Putting the frame up is not the only phase of construction to be concerned about. Fifteen and twenty sided foundations are always fun for even experienced form carpenters. Exterior sheathing and roofing can be a challenge if your triangles are out of alignment which is very common on the bolt together steel hub design. Even a quarter or half inch can cause real headaches and a rise in construction cost.
 
On the 3V buildings the triangles are 7 to 10 feet tall. On a 4V building the triangles are 4 to 6 feet tall. The smaller triangles are much easier to handle when doing the out side plywood sheathing or inside drywall.
 
I don't believe there is any structures prettier and more spectacular inside than the dome building. After 40 years building I find boxes to be very boring. They do have their advantages. They tow down the highway pretty fare and you can stack them side by side.
The two greatest problems facing any structural design engineer is weight and compression from gravitational pull and shear quality against wind loads and earth quacks. The spherical shaped structures and domes will always have the advantage over the square or box shaped structures.

As the spherical structures become lighter and stronger with height the rectangular shape becomes weaker. The triangle is the strongest geometric shape and the triangulated sphere the strongest structure. The weakest area on any rectangular or spherical structure is closest to the ground or foundation. With this thought in mind the worst structural engineering idea is to put a rectangular wall at the base of a triangulated sphere. To properly incorporative a rectangular riser walls under a geodesic dome you must take the time to change all the geometric history to integrate square walls under the triangulated sphere.

One of the construction challenges to the 3 frequency icosahedrons is it has no flat line (horizontal great circle near the hemisphere) to attach to the foundation and a rectangular riser wall is used by most dome building manufactures. The use of a separate independent rectangular riser wall completely undermines the structural integrity of the triangulated spherical structure (Geodesic Dome Truss).

Most all dome kit manufactures use a 3 frequency icosahedrons for their exterior truss designs. Having less triangles than the higher frequencies makes for less components to manufacture. The larger triangles also helps in placing and framing rectangular windows and doors.

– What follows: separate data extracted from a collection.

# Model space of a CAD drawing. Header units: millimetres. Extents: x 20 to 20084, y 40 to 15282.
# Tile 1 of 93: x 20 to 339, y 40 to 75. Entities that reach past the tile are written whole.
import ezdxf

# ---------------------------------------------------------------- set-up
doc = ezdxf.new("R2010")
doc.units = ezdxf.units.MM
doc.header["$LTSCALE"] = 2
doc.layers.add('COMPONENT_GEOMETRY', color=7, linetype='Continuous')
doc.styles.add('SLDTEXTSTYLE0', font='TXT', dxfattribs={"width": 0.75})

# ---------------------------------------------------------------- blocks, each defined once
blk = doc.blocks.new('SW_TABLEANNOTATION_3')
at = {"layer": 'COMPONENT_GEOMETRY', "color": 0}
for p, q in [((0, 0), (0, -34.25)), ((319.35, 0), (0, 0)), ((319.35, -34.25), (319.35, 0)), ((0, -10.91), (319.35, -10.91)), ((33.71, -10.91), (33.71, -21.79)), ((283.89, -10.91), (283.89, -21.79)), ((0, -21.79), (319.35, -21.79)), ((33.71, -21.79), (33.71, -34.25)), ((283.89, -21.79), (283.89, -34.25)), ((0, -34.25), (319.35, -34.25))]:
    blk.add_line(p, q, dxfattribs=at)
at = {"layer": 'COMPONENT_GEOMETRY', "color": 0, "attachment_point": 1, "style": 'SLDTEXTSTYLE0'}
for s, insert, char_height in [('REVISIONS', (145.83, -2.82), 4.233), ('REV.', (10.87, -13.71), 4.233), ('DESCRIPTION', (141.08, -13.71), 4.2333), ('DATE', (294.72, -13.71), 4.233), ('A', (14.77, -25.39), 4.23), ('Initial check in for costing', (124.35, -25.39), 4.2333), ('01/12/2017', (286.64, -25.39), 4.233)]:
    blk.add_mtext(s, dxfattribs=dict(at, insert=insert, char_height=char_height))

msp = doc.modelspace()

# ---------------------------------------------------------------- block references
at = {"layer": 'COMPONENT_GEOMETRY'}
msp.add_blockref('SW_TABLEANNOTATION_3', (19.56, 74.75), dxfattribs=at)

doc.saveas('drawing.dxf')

The 3 frequency icosahedrons struts (made of wood) and connections become to weak to safely support the structure larger than 35 feet in diameter. For larger buildings you must go on to using 4 frequency and higher geometric designs. The 4V(frequency) icosahedrons is flat at the hemisphere. With almost twice the amount of triangles and the struts almost half the length the 4V building can safely be built twice the diameter as a 3V building.
The construction industry continues to change as every other technology. New materials and technologies are being used to built the latest projects usually by the lowest bidder. In the big cities inspection are pretty strict and usually have competent inspectors. Out in the more rural areas you may never see an inspector. Especially if your building a geodesic dome building.

All spherical and box shaped structures are required to have an engineering stamp of approval. You can find engineers to stamp anything and risk losing their license if the building falls down. It is sad to see that we will never see the end of poorly engineered products in the hands of unknowing consumers for the sake of a fast buck.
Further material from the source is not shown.